Name some of the key features & App-GW offers?
- Support for the HTTP, HTTPS, HTTP/2, and WebSocket protocols
- A web application firewall to protect against web application vulnerabilities
- End-to-end request encryption
- Autoscaling to dynamically adjust capacity as your web traffic load change
- Connection draining allowing graceful removal of back-end pool members during planned service updates
Briefly name and explain the main 3 components of an APP-GW.
- Front-end IP address: Client requests are received through a front-end IP address. You can configure Application Gateway to have a public IP address, a private IP address, or both. Application Gateway can’t have more than one public IP address and one private IP address.
- Listeners: Application Gateway uses one or more listeners to receive incoming requests. A listener accepts traffic arriving on a specified combination of protocol, port, host, and IP address. Each listener routes requests to a back-end pool of servers following routing rules that you specify. A listener can be Basic or Multi-site. A Basic listener only routes a request based on the path in the URL. A Multi-site listener can also route requests using the hostname element of the URL. Listeners also handle TLS/SSL certificates for securing your application between the user and Application Gateway.
- Routing rules: A routing rule binds a listener to the back-end pools. A rule specifies how to interpret the hostname and path elements in the URL of a request and direct the request to the appropriate back-end pool. A routing rule also has an associated set of HTTP settings. These HTTP settings indicate whether (and how) traffic is encrypted between Application Gateway and the back-end servers. Other configuration information includes Protocol, Session stickiness, Connection draining, Request timeout period, and Health probes.
What is a backend pool and how does it work?
A back-end pool is a collection of web servers that can be made up of: a fixed set of virtual machines, a virtual machine scale-set, an app hosted by Azure App Services, or a collection of on-premises servers.
Each back-end pool has an associated load balancer that distributes work across the pool. When configuring the pool, you provide the IP address or name of each web server. All the servers in the back-end pool should be configured in the same way, including their security settings.
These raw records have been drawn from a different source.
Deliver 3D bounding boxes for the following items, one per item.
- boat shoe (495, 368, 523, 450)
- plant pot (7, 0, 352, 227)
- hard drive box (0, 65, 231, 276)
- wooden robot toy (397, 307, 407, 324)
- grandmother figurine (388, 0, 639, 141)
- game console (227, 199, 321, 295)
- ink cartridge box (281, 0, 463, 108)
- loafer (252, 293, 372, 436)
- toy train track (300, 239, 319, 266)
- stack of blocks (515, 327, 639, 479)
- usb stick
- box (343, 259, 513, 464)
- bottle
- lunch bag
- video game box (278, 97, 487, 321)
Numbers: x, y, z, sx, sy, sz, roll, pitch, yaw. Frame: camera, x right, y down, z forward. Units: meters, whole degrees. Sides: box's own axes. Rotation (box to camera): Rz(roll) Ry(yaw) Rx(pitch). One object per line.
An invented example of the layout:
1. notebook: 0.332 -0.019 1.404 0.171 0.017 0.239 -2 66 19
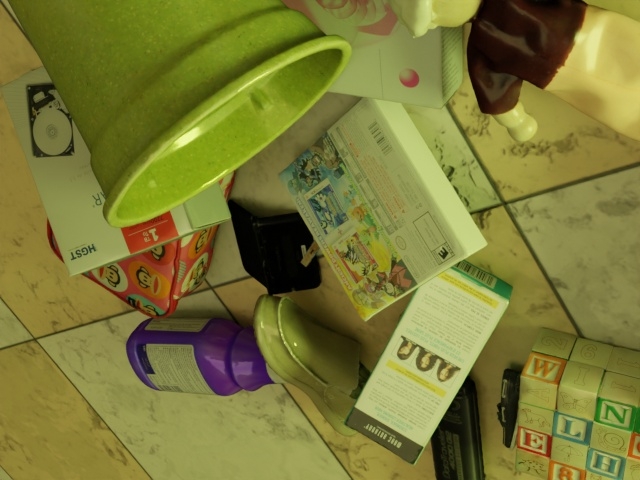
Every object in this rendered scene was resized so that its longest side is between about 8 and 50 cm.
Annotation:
1. boat shoe: 0.242 0.214 1.152 0.038 0.046 0.125 16 130 21
2. plant pot: -0.156 -0.193 0.844 0.253 0.276 0.276 53 136 3
3. hard drive box: -0.231 -0.099 1.028 0.181 0.089 0.232 -20 91 23
4. wooden robot toy: 0.124 0.170 1.162 0.079 0.076 0.173 24 114 24
5. grandmother figurine: 0.206 -0.165 0.778 0.343 0.104 0.207 27 131 -3
6. game console: -0.061 0.004 1.199 0.107 0.071 0.122 -9 126 2
7. ink cartridge box: -0.025 -0.303 0.878 0.324 0.071 0.330 13 133 25
8. loafer: 0.008 0.160 1.226 0.092 0.101 0.268 -24 126 24
9. toy train track: 0.000 0.000 1.146 0.048 0.014 0.083 40 123 10
10. stack of blocks: 0.382 0.224 1.039 0.297 0.087 0.171 14 131 24
11. usb stick: 0.188 0.288 1.251 0.077 0.045 0.277 14 132 33
12. box: 0.128 0.140 1.084 0.101 0.060 0.244 29 111 9
13. bottle: -0.156 0.172 1.342 0.283 0.092 0.118 -3 124 35
14. lunch bag: -0.259 -0.060 1.206 0.258 0.120 0.293 31 134 12
15. video game box: 0.062 -0.036 1.013 0.187 0.048 0.205 -37 80 44
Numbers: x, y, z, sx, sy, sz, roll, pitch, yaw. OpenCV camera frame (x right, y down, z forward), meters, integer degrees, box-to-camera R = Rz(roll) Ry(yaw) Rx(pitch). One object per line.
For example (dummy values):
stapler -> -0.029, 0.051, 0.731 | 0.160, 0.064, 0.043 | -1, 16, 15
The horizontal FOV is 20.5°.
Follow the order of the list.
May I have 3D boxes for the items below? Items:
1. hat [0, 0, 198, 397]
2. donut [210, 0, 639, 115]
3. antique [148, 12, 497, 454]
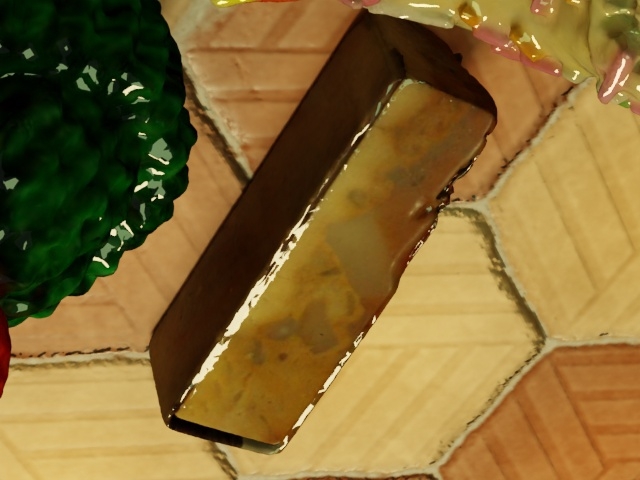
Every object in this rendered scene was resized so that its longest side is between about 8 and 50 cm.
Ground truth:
hat -> -0.194, -0.009, 0.945 | 0.242, 0.332, 0.274 | 24, 122, -26
donut -> 0.067, -0.170, 0.891 | 0.371, 0.307, 0.150 | 13, 104, -21
antique -> 0.000, 0.000, 1.153 | 0.093, 0.087, 0.310 | 18, 121, -27

If you’re using TLS/SSL, the back-end pool has an HTTP setting that references a certificate used to authenticate the back-end servers. The gateway re-encrypts the traffic by using this certificate before sending it to one of your servers in the back-end pool.
If you’re using Azure App Service to host the back-end application, you don’t need to install any certificates in Application Gateway to connect to the back-end pool. All communications are automatically encrypted. Application Gateway trusts the servers because Azure manages them.
What are the 2 primary methods an App-GW uses to route client traffic?
Path-based routing
Path-based routing sends requests with different URL paths to different pools of back-end servers.
Multiple-site routing
Multiple-site routing configures more than one web application on the same Application Gateway instance. In a multi-site configuration, you register multiple DNS names (CNAMEs) for the IP address of the application gateway, specifying the name of each site. Application Gateway uses separate listeners to wait for requests for each site. Each listener passes the request to a different rule, which can route the requests to servers in a different back-end pool.
What is TLS/SSL termination and what benefit does it provide?
It’s the termination of TLS/SSL connections at the application gateway. It offloads the CPU-intensive termination workload from your servers. Also, you don’t need to install certificates and configure TLS/SSL on your servers.
If you need end-to-end encryption, Application Gateway can decrypt the traffic on the gateway by using your private key, then re-encrypt again with the public key of the service running in the back-end pool.